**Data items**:
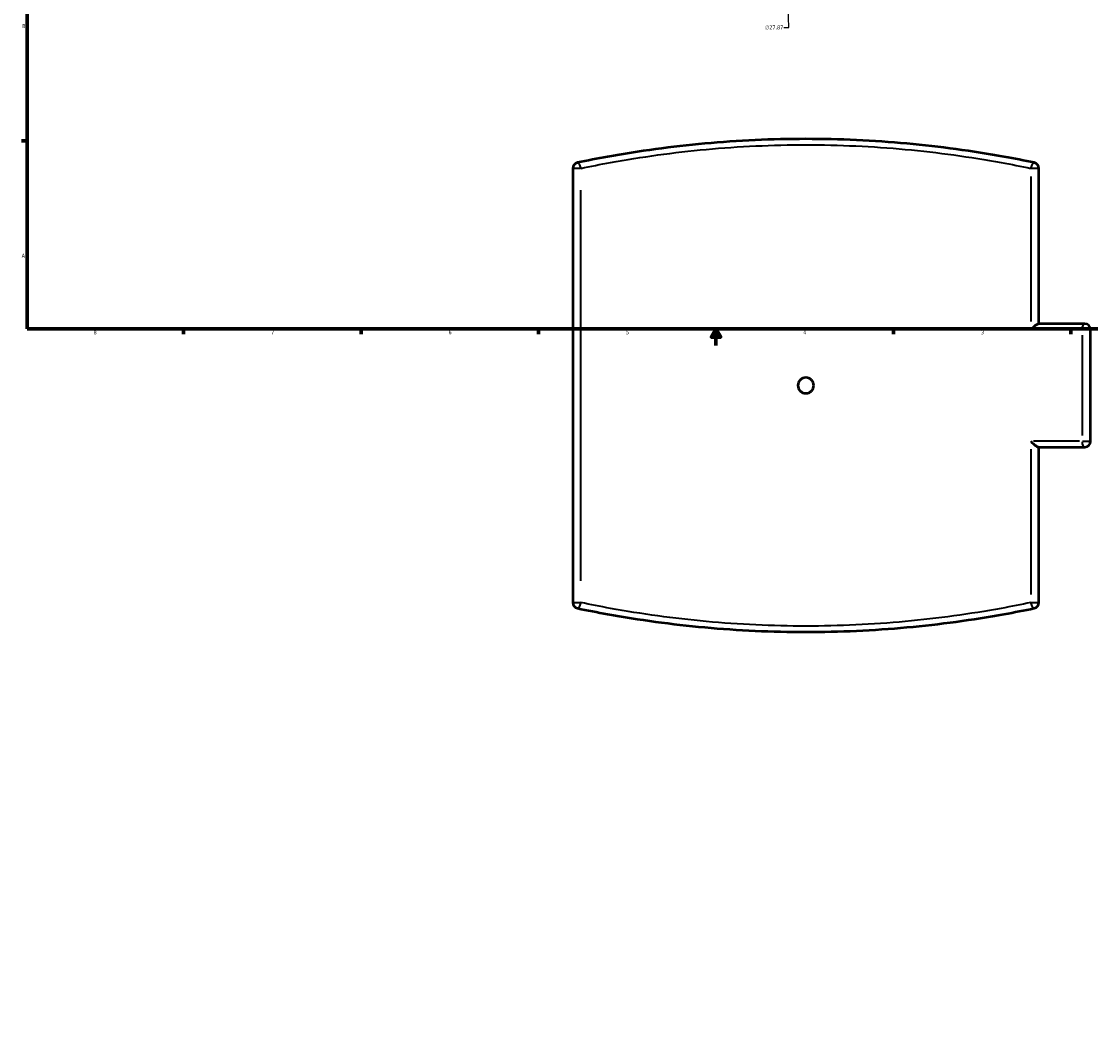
# Model space of a CAD drawing. Header units: inches. Extents: x -5.8 to 56.1, y -16.1 to 36.8.
# Tile 1 of 7: x 0.4 to 26, y -16.1 to 8.4. Entities that reach past the tile are written whole.
import ezdxf

# ---------------------------------------------------------------- set-up
doc = ezdxf.new("R2010")
doc.units = ezdxf.units.IN
doc.header["$MEASUREMENT"] = 0
for name, color, linetype, lineweight in [('Border (ANSI)', 7, 'Continuous', 70), ('Dimension (ANSI)', 7, 'Continuous', 25), ('Visible (ANSI)', 7, 'Continuous', 50), ('Visible Narrow (ANSI)', 7, 'Continuous', 35)]:
    doc.layers.add(name, color=color, linetype=linetype, lineweight=lineweight)
doc.styles.add('Note Text (ANSI)', font='tahoma.ttf')
doc.dimstyles.new('Default (ANSI)', dxfattribs={"dimtxt": 0.094488, "dimasz": 0.098425, "dimexe": 0.125, "dimexo": 0.0625, "dimgap": 0.031496, "dimtad": 0, "dimtih": 1, "dimtoh": 1, "dimrnd": 1e-08, "dimzin": 4, "dimdsep": 46, "dimtxsty": 'Note Text (ANSI)', "dimcen": 0.09, "dimdle": 0.393701, "dimclrd": 256, "dimclre": 256, "dimclrt": 5, "dimadec": 0, "dimazin": 1, "dimtfac": 1, "dimtofl": 0, "dimtmove": 0, "dimatfit": 3, "dimfxl": 1, "dimtolj": 1, "dimtzin": 4, "dimlwd": -1, "dimlwe": -1, "dimarcsym": 0})

# ---------------------------------------------------------------- blocks, each defined once
blk = doc.blocks.new('Borders Default Border')
at = {"layer": 'Border (ANSI)'}
for p, q in [((0.5, 5.5), (0.366, 5.5)), ((4.25, 1), (4.25, 0.866)), ((8.5, 1), (8.5, 0.866)), ((12.75, 1), (12.75, 0.866)), ((21.25, 1), (21.25, 0.866)), ((25.5, 1), (25.5, 0.866))]:
    blk.add_line(p, q, dxfattribs=at)
at = {"layer": 'Border (ANSI)', "flags": 128}
for points in [[(0.5, 1), (0.5, 21), (33.5, 21), (33.5, 1), (0.5, 1)], [(17, 0.6), (17, 1), (16.885, 0.8), (17.115, 0.8), (17, 1)]]:
    blk.add_lwpolyline(points, dxfattribs=at)
at = {"layer": 'Border (ANSI)', "color": 5, "true_color": 0x0000ff, "char_height": 0.0945, "attachment_point": 7, "style": 'Note Text (ANSI)'}
for s, insert in [('B', (0.384, 8.203)), ('A', (0.373, 2.703)), ('8', (2.094, 0.863)), ('7', (6.346, 0.866)), ('6', (10.595, 0.864)), ('5', (14.847, 0.864)), ('4', (19.092, 0.866)), ('3', (23.346, 0.864))]:
    blk.add_mtext(s, dxfattribs=dict(at, insert=insert))
blk = doc.blocks.new('*D7')
at = {"layer": 'Defpoints', "color": 0, "transparency": 16777216}
for p in [(18.61, 11.747), (19.693, -16.106)]:
    blk.add_point(p, dxfattribs=at)
at = {"layer": 'Dimension (ANSI)', "transparency": 16777216}
for p, q in [((18.748, 8.216), (18.614, 11.648)), ((18.623, 8.216), (18.748, 8.216))]:
    blk.add_line(p, q, dxfattribs=at)
blk.add_solid([(18.631, 11.649), (18.598, 11.648), (18.61, 11.747)], dxfattribs=at)
at = {"layer": 'Dimension (ANSI)', "color": 5, "transparency": 16777216, "insert": (18.176, 8.267), "char_height": 0.0945, "attachment_point": 1, "style": 'Note Text (ANSI)'}
blk.add_mtext('\\A1;∅27.87', dxfattribs=at)

msp = doc.modelspace()

# ---------------------------------------------------------------- linework, layer by layer
at = {"layer": 'Visible (ANSI)'}
for p, q in [((13.572, 4.842), (13.572, -5.562)), ((24.732, 1.116), (24.732, 4.842)), ((25.832, 1.116), (24.721, 1.116)), ((25.972, -1.697), (25.972, 0.977)), ((24.721, -1.836), (25.832, -1.836)), ((24.732, -5.562), (24.732, -1.836))]:
    msp.add_line(p, q, dxfattribs=at)
for centre, start, end in [((13.711, 4.842), 101.8383, 180), ((24.592, 4.842), 0, 78.1617), ((25.832, 0.977), 0, 90), ((25.832, -1.697), 270, 0), ((13.711, -5.562), 180, 258.1617), ((24.592, -5.562), 281.8383, 0)]:
    msp.add_arc(centre, 0.139, start, end, dxfattribs=at)
for points, knots in [([(24.621, 4.978), (24.385, 5.027), (24.145, 5.074), (23.149, 5.255), (22.368, 5.362), (20.775, 5.508), (19.963, 5.545), (19.152, 5.545), (18.34, 5.545), (17.529, 5.508), (15.936, 5.362), (15.155, 5.255), (14.159, 5.074), (13.919, 5.027), (13.683, 4.978)], [4.689482, 4.689482, 4.689482, 4.689482, 6.66825, 6.66825, 12.819899, 12.819899, 18.971553, 18.971553, 18.971553, 25.123207, 25.123207, 31.274856, 31.274856, 33.253622, 33.253622, 33.253622, 33.253622]), ([(24.539, 0.977), (24.539, 0.977), (24.539, 0.977), (24.562, 1.002), (24.587, 1.027), (24.631, 1.065), (24.649, 1.079), (24.678, 1.099), (24.69, 1.106), (24.709, 1.114), (24.715, 1.116), (24.721, 1.116)], [-0.0011844, -0.0011844, -0.0011844, -0.0011844, 0, 0, 0.2686753, 0.2686753, 0.4795425, 0.4795425, 0.6366002, 0.6366002, 0.7634608, 0.7634608, 0.7634608, 0.7634608]), ([(19.341, -0.36), (19.341, -0.384), (19.336, -0.409), (19.317, -0.456), (19.302, -0.477), (19.269, -0.51), (19.247, -0.525), (19.201, -0.544), (19.176, -0.549), (19.128, -0.549), (19.103, -0.544), (19.056, -0.525), (19.035, -0.51), (19.001, -0.477), (18.987, -0.456), (18.968, -0.409), (18.963, -0.384), (18.963, -0.336), (18.968, -0.311), (18.987, -0.264), (19.001, -0.243), (19.035, -0.21), (19.056, -0.195), (19.103, -0.176), (19.128, -0.171), (19.176, -0.171), (19.201, -0.176), (19.247, -0.195), (19.269, -0.21), (19.302, -0.243), (19.317, -0.264), (19.336, -0.311), (19.341, -0.336), (19.341, -0.36)], [0, 0, 0, 0, 0.180812, 0.180812, 0.361624, 0.361624, 0.542436, 0.542436, 0.723248, 0.723248, 0.90406, 0.90406, 1.084872, 1.084872, 1.265684, 1.265684, 1.446496, 1.446496, 1.627308, 1.627308, 1.80812, 1.80812, 1.988932, 1.988932, 2.169744, 2.169744, 2.350556, 2.350556, 2.531368, 2.531368, 2.71218, 2.71218, 2.892992, 2.892992, 2.892992, 2.892992]), ([(24.539, -1.697), (24.539, -1.697), (24.539, -1.697), (24.562, -1.722), (24.587, -1.747), (24.631, -1.785), (24.649, -1.8), (24.678, -1.819), (24.69, -1.826), (24.709, -1.834), (24.715, -1.836), (24.721, -1.836)], [-1.3045137, -1.3045137, -1.3045137, -1.3045137, -1.3035453, -1.3035453, -1.0838605, -1.0838605, -0.911443, -0.911443, -0.7830233, -0.7830233, -0.6792946, -0.6792946, -0.6792946, -0.6792946]), ([(13.683, -5.698), (13.919, -5.748), (14.159, -5.794), (15.155, -5.975), (15.936, -6.082), (17.529, -6.228), (18.34, -6.265), (19.152, -6.265), (19.963, -6.265), (20.775, -6.228), (22.368, -6.082), (23.149, -5.975), (24.145, -5.794), (24.385, -5.748), (24.621, -5.698)], [1.731177, 1.731177, 1.731177, 1.731177, 3.709943, 3.709943, 9.861592, 9.861592, 16.013246, 16.013246, 16.013246, 22.1649, 22.1649, 28.316549, 28.316549, 30.295317, 30.295317, 30.295317, 30.295317])]:
    msp.add_open_spline(points, degree=3, knots=knots, dxfattribs=at)
at = {"layer": 'Visible Narrow (ANSI)'}
for p, q in [((13.752, 4.842), (13.573, 4.842)), ((24.539, 4.648), (24.539, 1.17)), ((24.731, 4.842), (24.551, 4.842)), ((13.765, -5.041), (13.765, 4.321)), ((24.601, 0.977), (25.706, 0.977)), ((25.766, 0.843), (25.766, -1.563)), ((25.971, 0.977), (25.779, 0.977)), ((25.706, -1.697), (24.601, -1.697)), ((25.779, -1.697), (25.971, -1.697)), ((24.539, -1.89), (24.539, -5.368)), ((13.573, -5.562), (13.752, -5.562)), ((24.551, -5.562), (24.731, -5.562))]:
    msp.add_line(p, q, dxfattribs=at)
for centre, major_axis, ratio, start_param, end_param in [((13.711, 4.842), (-0.029, 0.136), 0.379482, 4.715522, 6.200677), ((24.592, 4.842), (0.029, 0.136), 0.379482, 0.082509, 1.567663), ((25.832, 0.977), (0, 0.139), 0.474599, 0.07854, 1.492257), ((25.832, -1.697), (0, -0.139), 0.474599, 4.790929, 6.204645), ((13.711, -5.562), (-0.029, -0.136), 0.379482, 0.082509, 1.567663), ((24.592, -5.562), (0.029, -0.136), 0.379482, 4.715522, 6.200677)]:
    msp.add_ellipse(centre, major_axis=major_axis, ratio=ratio, start_param=start_param, end_param=end_param, dxfattribs=at)
for points, knots in [([(13.765, 4.842), (13.998, 4.891), (14.234, 4.937), (15.215, 5.117), (15.984, 5.224), (17.553, 5.368), (18.353, 5.406), (19.152, 5.406), (19.951, 5.406), (20.75, 5.368), (22.319, 5.224), (23.089, 5.117), (24.07, 4.937), (24.306, 4.891), (24.539, 4.842)], [-33.253622, -33.253622, -33.253622, -33.253622, -31.274856, -31.274856, -25.123207, -25.123207, -18.971553, -18.971553, -18.971553, -12.819899, -12.819899, -6.66825, -6.66825, -4.689482, -4.689482, -4.689482, -4.689482]), ([(24.539, -5.562), (24.306, -5.611), (24.07, -5.658), (23.089, -5.837), (22.319, -5.944), (20.75, -6.088), (19.951, -6.126), (19.152, -6.126), (18.353, -6.126), (17.553, -6.088), (15.984, -5.944), (15.215, -5.837), (14.234, -5.658), (13.998, -5.611), (13.765, -5.562)], [-30.295317, -30.295317, -30.295317, -30.295317, -28.316549, -28.316549, -22.1649, -22.1649, -16.013246, -16.013246, -16.013246, -9.861592, -9.861592, -3.709943, -3.709943, -1.731177, -1.731177, -1.731177, -1.731177])]:
    msp.add_open_spline(points, degree=3, knots=knots, dxfattribs=at)

# ---------------------------------------------------------------- block references
msp.add_blockref('Borders Default Border', (0, 0))

# ---------------------------------------------------------------- dimensions: what is measured, and where the dimension line sits
at = {"layer": 'Dimension (ANSI)'}
dim = msp.add_diameter_dim_2p(p1=(19.693, -16.106), p2=(18.61, 11.747), dimstyle='Default (ANSI)', override={"dimgap": 0.031496, "dimdec": 2, "dimlfac": 0.999993, "dimtol": 0, "dimlim": 0, "dimtp": 0, "dimtm": 0, "dimtdec": 2}, dxfattribs=at)
dim.commit()
dim.dimension.update_dxf_attribs({"geometry": '*D7', "text_midpoint": (18.384, 8.216), "dimtype": 163})

doc.saveas('drawing.dxf')

**The problem**: Only exact copies of the lines from the one containing "p2=(18.61, 11.747), dimstyle='Default" to the end of the records belong in the answer.

**Response to this task**:
dim = msp.add_diameter_dim_2p(p1=(19.693, -16.106), p2=(18.61, 11.747), dimstyle='Default (ANSI)', override={"dimgap": 0.031496, "dimdec": 2, "dimlfac": 0.999993, "dimtol": 0, "dimlim": 0, "dimtp": 0, "dimtm": 0, "dimtdec": 2}, dxfattribs=at)
dim.commit()
dim.dimension.update_dxf_attribs({"geometry": '*D7', "text_midpoint": (18.384, 8.216), "dimtype": 163})

doc.saveas('drawing.dxf')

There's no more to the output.